A disadvantage of currently available GUS proteins is that they have limited activity in acidic pH environments. Since acidic pH environments characterize a variety of industrial fermentation processes in which current GUS proteins cannot be be effectively used, it would be extremely useful to have new GUS proteins that operate at an acidic pH.
Accordingly, the invention provides isolated polynucleotides encoding the protein beta-glucuronidase (GUS), and which are preferably operable at a pH of less than 7 (e.g., are operable at a pH of 4 or 5). The polynucleotide sequence may be selected from the group consisting of:
(a) DNA having the nucleotide sequence given herein as SEQ ID NO:1 (which encodes the protein having the amino acid sequence given herein as SEQ ID NO:2);
(b) polynucleotides (e.g., cDNAs) that hybridize to DNA of (a) above (e.g., under stringent conditions) and which encode the protein xcex2-glucuronidase (GUS); and
(c) polynucleotides that differ from the DNA of (a) or (b) above due to the degeneracy of the genetic code, and which encode the protein encoded by a DNA of (a) or (b) above.

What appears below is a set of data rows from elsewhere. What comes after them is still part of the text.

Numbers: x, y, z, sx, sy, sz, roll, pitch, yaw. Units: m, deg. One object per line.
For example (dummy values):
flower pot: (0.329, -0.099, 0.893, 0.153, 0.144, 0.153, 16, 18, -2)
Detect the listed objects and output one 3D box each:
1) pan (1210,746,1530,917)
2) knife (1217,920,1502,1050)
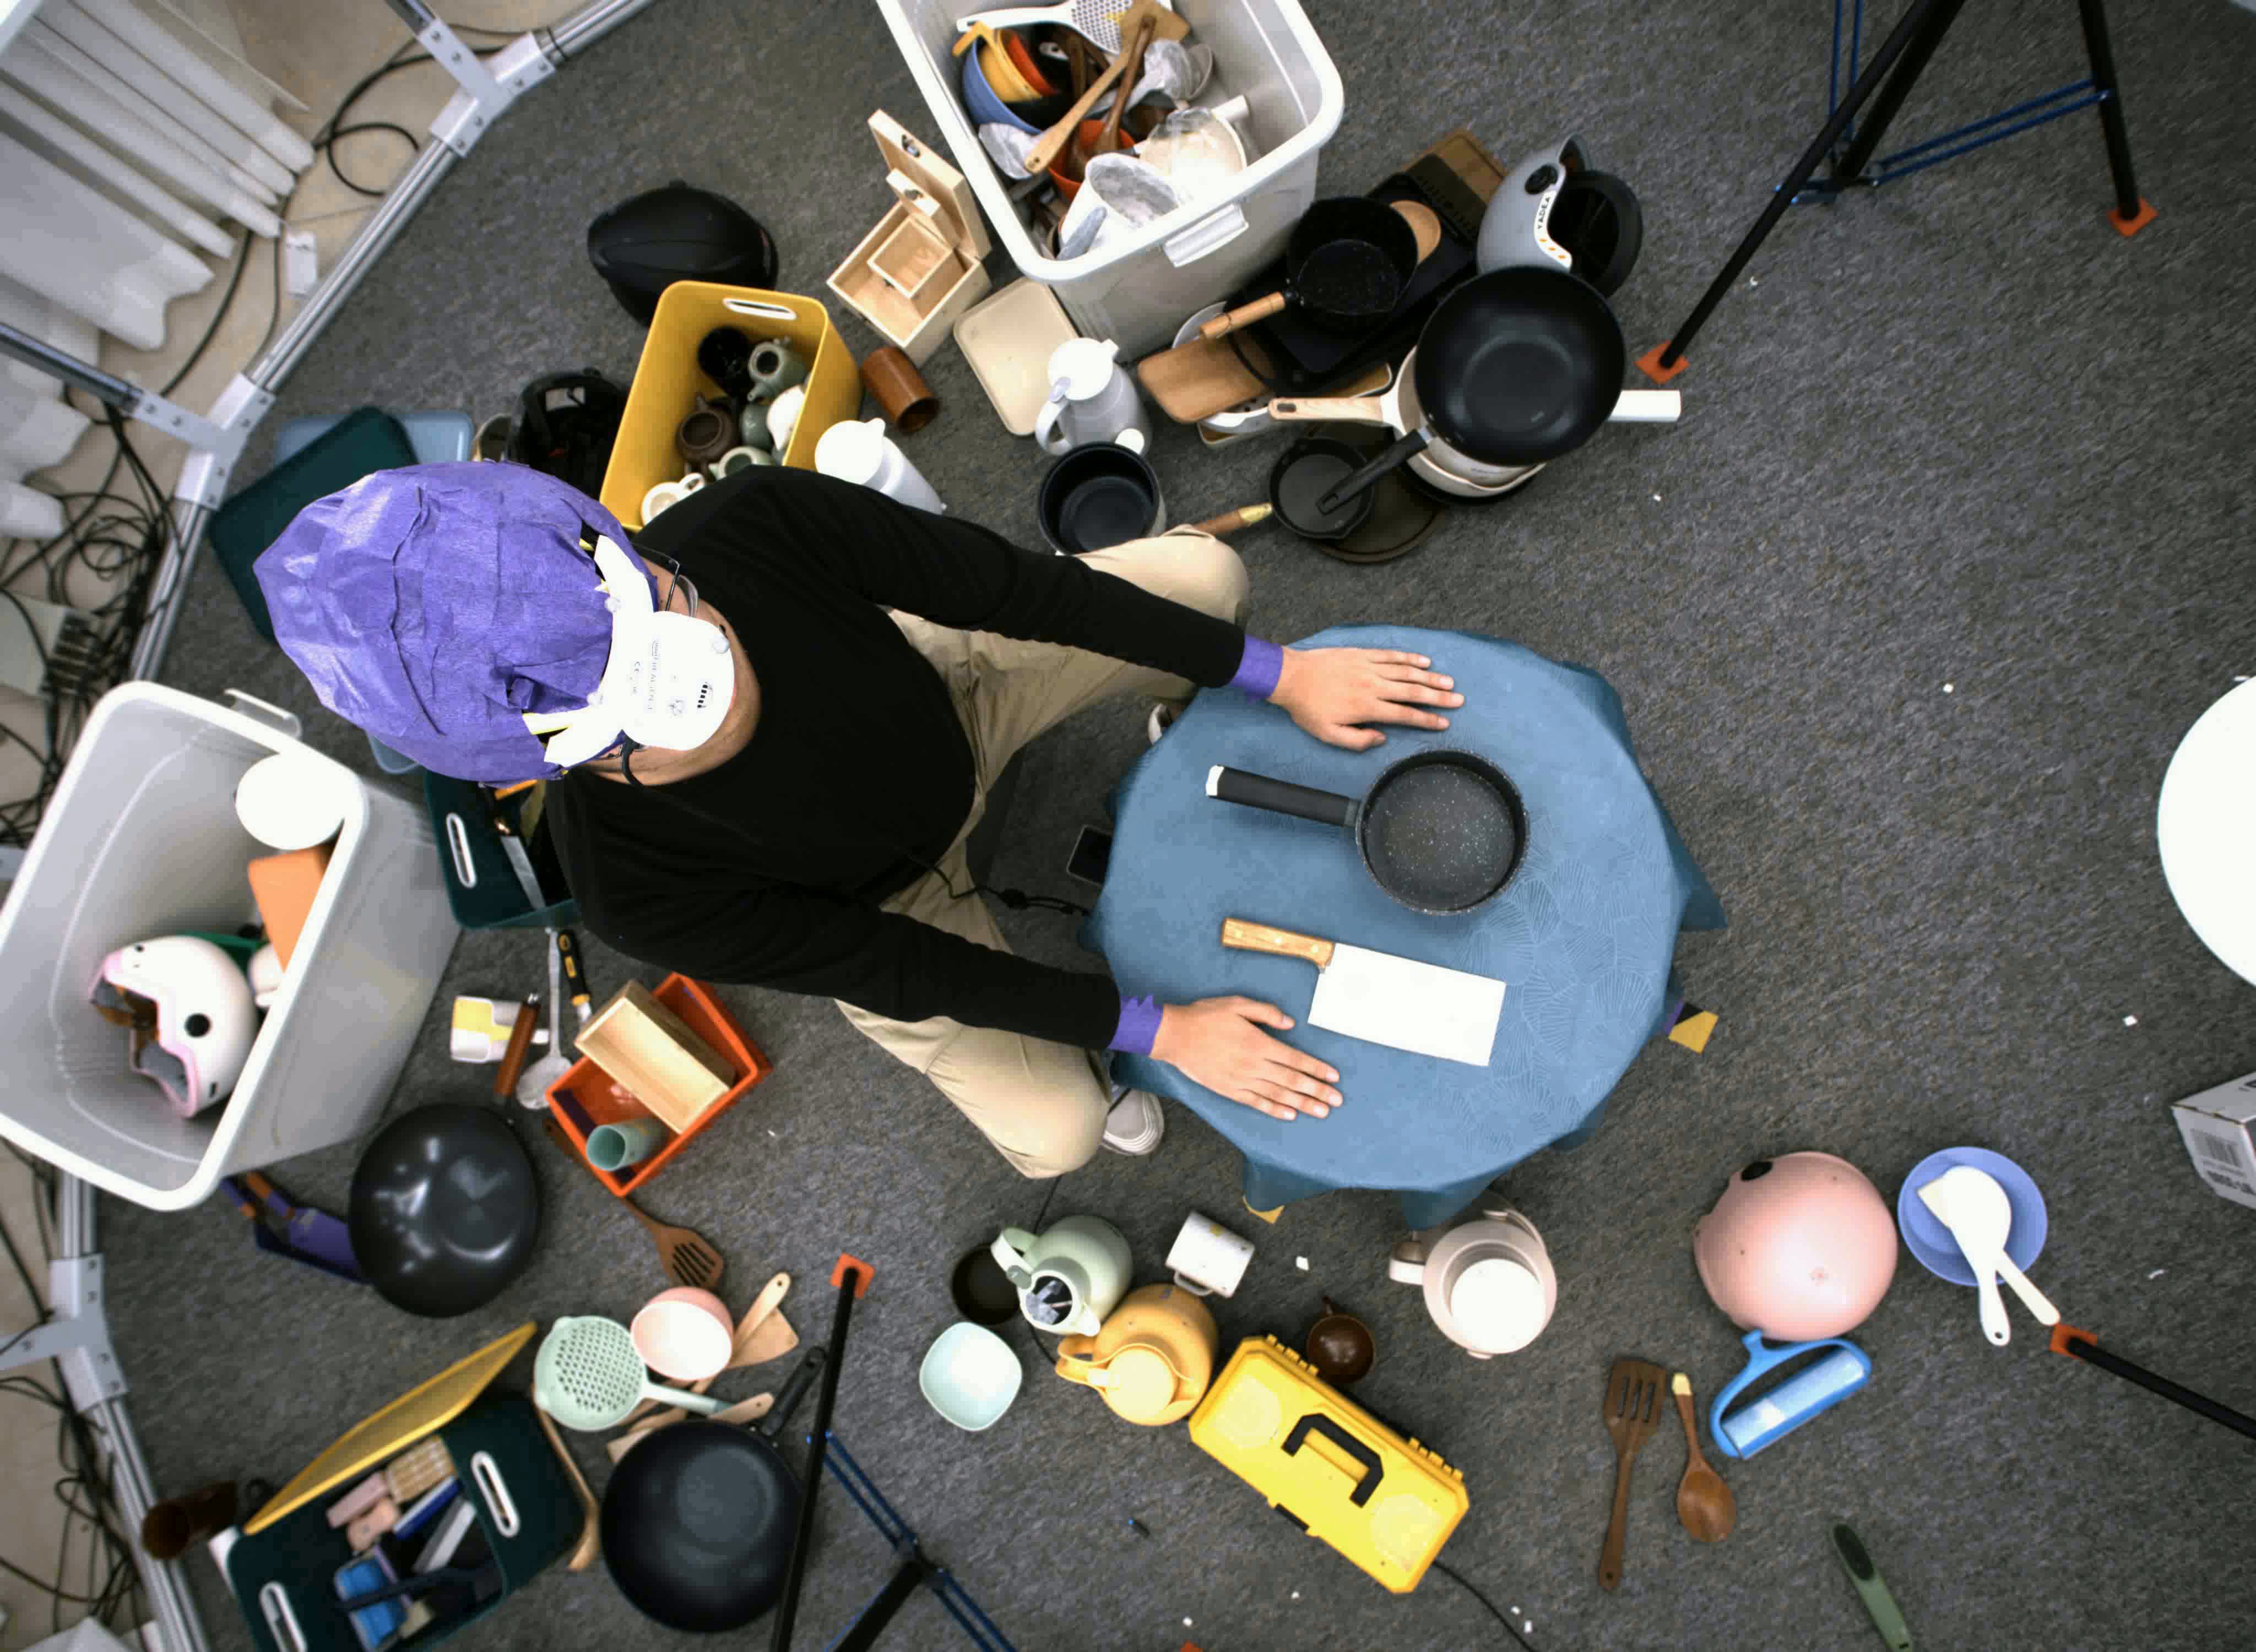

The present invention further provides vector (e.g., an expression vector) containing at least a fragment of any of the claimed polynucleotide sequences. In yet another aspect, the expression vector containing the polynucleotide sequence is contained within a host cell.
The invention further provides a protein or fragment thereof encoded by a polynucleotide as given above (e.g., the protein provided herein as SEQ ID NO: 2). Such proteins may be isolated and/or purified in accordance with known techniques.
The invention also provides a method for producing a polypeptide comprising the amino acid sequence of SEQ ID NO:2, or a fragment thereof, the method comprising the steps of: a) culturing the host cell containing an expression vector containing at least a fragment of the polynucleotide sequence encoding GUS under conditions suitable for the expression of the polypeptide; and b) recovering the polypeptide from the host cell culture.
The invention also provides an antibody (e.g., a polyclonal antibody, a monoclonal antibody) which specifically binds to a protein as given above.